Required work
Each line of the records that holds the word "Blue" should be copied out.

[[ Data under study open ]]

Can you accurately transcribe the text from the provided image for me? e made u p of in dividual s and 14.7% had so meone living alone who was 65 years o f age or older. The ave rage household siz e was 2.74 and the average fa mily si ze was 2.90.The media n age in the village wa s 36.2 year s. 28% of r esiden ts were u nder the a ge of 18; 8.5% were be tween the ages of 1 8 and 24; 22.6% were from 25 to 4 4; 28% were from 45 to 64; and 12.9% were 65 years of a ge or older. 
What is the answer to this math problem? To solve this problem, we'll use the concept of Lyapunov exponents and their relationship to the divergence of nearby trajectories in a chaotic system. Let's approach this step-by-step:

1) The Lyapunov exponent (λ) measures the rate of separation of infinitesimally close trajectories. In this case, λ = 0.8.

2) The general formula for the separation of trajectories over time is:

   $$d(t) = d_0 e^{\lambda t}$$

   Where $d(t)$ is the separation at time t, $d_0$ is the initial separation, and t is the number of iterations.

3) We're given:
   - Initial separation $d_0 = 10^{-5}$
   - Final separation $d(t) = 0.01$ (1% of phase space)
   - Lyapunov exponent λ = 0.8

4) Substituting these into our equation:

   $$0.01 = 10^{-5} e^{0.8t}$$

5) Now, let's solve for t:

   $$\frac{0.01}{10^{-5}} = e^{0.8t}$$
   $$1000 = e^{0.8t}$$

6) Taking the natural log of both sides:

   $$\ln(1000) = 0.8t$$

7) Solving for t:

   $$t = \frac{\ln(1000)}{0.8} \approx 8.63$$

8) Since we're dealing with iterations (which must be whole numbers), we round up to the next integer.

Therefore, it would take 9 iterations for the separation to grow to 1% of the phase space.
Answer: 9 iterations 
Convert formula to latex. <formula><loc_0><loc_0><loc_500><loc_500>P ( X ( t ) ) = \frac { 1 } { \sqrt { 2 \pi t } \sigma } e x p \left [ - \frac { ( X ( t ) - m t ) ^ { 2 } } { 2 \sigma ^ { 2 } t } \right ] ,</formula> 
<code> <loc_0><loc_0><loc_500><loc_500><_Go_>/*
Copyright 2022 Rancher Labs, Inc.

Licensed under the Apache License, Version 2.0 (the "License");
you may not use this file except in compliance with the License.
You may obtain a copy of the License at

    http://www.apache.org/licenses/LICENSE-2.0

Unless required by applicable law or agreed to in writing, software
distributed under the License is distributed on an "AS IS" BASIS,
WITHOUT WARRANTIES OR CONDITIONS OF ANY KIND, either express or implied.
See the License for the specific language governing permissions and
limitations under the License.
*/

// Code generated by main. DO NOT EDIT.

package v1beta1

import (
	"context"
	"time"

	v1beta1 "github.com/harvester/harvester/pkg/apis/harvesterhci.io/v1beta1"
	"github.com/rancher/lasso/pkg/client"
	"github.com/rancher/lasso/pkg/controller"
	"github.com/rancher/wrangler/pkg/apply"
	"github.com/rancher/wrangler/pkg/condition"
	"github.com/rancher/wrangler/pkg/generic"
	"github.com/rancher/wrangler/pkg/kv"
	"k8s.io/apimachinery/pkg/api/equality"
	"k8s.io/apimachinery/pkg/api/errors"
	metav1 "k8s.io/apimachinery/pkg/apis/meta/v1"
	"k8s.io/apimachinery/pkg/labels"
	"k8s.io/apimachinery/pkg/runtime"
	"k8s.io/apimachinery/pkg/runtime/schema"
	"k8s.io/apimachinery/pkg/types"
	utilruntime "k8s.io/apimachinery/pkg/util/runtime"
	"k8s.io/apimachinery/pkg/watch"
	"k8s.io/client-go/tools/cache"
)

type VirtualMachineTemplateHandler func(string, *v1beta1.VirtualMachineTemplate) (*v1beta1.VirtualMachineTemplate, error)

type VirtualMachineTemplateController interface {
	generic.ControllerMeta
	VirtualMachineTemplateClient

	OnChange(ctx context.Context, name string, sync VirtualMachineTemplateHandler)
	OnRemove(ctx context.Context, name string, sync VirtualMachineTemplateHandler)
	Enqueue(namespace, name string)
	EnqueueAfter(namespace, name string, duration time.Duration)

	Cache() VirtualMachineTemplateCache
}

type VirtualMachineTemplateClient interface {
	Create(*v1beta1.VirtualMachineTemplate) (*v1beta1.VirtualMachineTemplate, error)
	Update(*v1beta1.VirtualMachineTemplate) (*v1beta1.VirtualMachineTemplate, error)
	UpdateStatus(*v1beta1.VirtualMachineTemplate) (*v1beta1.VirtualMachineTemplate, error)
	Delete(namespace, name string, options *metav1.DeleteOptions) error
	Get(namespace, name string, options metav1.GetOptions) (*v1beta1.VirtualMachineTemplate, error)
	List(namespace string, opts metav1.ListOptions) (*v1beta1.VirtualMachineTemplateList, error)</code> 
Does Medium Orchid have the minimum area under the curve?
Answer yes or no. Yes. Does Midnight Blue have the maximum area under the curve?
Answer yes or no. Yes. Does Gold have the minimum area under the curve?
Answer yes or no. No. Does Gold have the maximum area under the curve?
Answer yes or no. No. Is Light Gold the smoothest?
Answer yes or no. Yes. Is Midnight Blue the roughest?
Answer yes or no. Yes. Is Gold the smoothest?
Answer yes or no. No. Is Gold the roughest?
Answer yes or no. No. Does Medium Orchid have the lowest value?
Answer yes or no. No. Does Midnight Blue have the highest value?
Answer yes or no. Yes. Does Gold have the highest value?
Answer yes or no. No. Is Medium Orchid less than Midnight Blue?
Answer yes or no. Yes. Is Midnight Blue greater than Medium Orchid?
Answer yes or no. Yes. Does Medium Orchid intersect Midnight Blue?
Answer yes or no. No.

[[ Data under study closed ]]

Answer space
Answer yes or no. Yes. Does Midnight Blue have the maximum area under the curve?
Answer yes or no. Yes. Is Midnight Blue the roughest?
Answer yes or no. No. Does Midnight Blue have the highest value?
Answer yes or no. No. Is Medium Orchid less than Midnight Blue?
Answer yes or no. Yes. Is Midnight Blue greater than Medium Orchid?
Answer yes or no. Yes. Does Medium Orchid intersect Midnight Blue?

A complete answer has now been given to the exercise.